EXERCISE:
As the answer, give a copy of each line below that includes the word "object".

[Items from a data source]
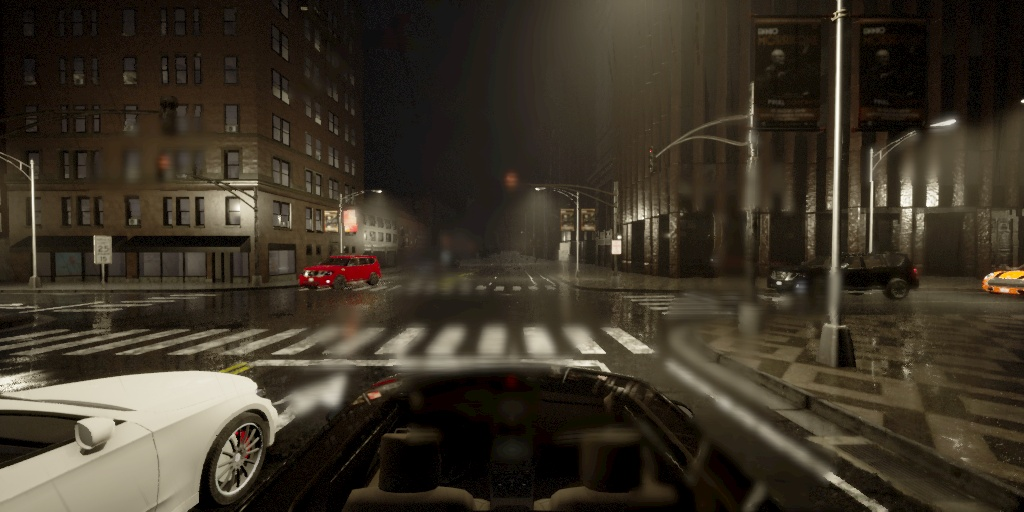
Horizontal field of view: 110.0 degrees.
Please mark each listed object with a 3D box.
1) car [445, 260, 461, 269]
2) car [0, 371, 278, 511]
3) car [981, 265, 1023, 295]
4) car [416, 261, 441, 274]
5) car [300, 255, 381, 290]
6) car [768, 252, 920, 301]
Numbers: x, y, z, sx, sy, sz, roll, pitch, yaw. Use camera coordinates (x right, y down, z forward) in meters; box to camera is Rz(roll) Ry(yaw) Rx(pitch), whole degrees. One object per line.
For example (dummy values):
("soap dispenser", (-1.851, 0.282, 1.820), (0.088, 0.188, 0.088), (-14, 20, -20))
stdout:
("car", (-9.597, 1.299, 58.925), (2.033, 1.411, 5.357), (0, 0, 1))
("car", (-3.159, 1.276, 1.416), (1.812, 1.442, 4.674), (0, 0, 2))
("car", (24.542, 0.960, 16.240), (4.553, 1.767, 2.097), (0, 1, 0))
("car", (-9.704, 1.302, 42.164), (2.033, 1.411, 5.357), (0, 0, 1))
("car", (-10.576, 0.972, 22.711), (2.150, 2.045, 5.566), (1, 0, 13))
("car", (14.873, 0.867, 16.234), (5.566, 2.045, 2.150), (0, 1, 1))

---

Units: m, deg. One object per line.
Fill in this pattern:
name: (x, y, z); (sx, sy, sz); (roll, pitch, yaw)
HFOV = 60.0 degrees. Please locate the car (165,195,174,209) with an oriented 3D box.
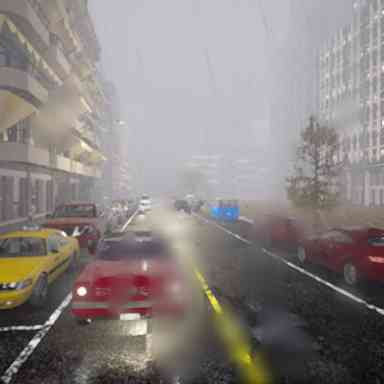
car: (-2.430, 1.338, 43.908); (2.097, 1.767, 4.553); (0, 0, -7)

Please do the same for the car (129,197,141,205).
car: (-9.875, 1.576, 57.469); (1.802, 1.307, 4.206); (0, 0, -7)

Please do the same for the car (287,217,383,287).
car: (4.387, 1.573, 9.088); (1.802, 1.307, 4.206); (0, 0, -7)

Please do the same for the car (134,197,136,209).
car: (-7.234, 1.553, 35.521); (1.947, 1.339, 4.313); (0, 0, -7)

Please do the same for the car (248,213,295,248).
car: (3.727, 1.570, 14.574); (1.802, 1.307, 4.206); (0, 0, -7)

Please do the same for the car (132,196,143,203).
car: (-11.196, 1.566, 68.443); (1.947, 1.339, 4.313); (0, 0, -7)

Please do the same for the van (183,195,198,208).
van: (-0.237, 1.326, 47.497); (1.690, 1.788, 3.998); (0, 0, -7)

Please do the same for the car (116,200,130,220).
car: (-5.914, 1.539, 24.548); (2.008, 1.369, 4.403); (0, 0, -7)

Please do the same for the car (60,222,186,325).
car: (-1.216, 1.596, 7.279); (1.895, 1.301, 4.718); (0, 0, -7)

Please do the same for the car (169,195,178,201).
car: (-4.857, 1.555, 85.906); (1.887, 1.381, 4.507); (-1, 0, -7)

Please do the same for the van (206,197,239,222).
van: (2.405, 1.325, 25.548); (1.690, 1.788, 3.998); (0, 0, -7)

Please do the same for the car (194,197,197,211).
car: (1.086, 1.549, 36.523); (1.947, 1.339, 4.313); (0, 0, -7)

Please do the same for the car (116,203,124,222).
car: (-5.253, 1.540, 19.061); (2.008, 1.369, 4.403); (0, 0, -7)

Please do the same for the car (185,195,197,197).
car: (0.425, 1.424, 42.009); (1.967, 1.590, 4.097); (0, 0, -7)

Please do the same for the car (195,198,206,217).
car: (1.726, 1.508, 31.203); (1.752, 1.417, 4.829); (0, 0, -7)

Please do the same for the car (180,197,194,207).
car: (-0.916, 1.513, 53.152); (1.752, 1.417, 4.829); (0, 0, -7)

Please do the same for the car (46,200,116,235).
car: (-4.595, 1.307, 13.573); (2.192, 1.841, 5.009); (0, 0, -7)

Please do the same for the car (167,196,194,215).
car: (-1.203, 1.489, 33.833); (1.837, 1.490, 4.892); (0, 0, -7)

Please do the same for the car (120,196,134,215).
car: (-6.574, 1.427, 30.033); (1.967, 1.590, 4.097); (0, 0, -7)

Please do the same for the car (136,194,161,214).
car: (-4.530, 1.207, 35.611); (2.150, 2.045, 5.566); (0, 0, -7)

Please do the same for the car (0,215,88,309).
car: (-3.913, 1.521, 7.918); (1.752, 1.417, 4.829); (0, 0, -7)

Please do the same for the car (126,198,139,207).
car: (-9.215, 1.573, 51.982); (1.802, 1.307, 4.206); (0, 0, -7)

TASK SOLUTION:
Please mark each listed object with a 3D box.
Numbers: x, y, z, sx, sy, sz, roll, pitch, yaw. Use camera coordinates (x right, y down, z forward) in meters; box to camera is Rz(roll) Ry(yaw) Rx(pitch), whole degrees. One object per line.
Units: m, deg. One object per line.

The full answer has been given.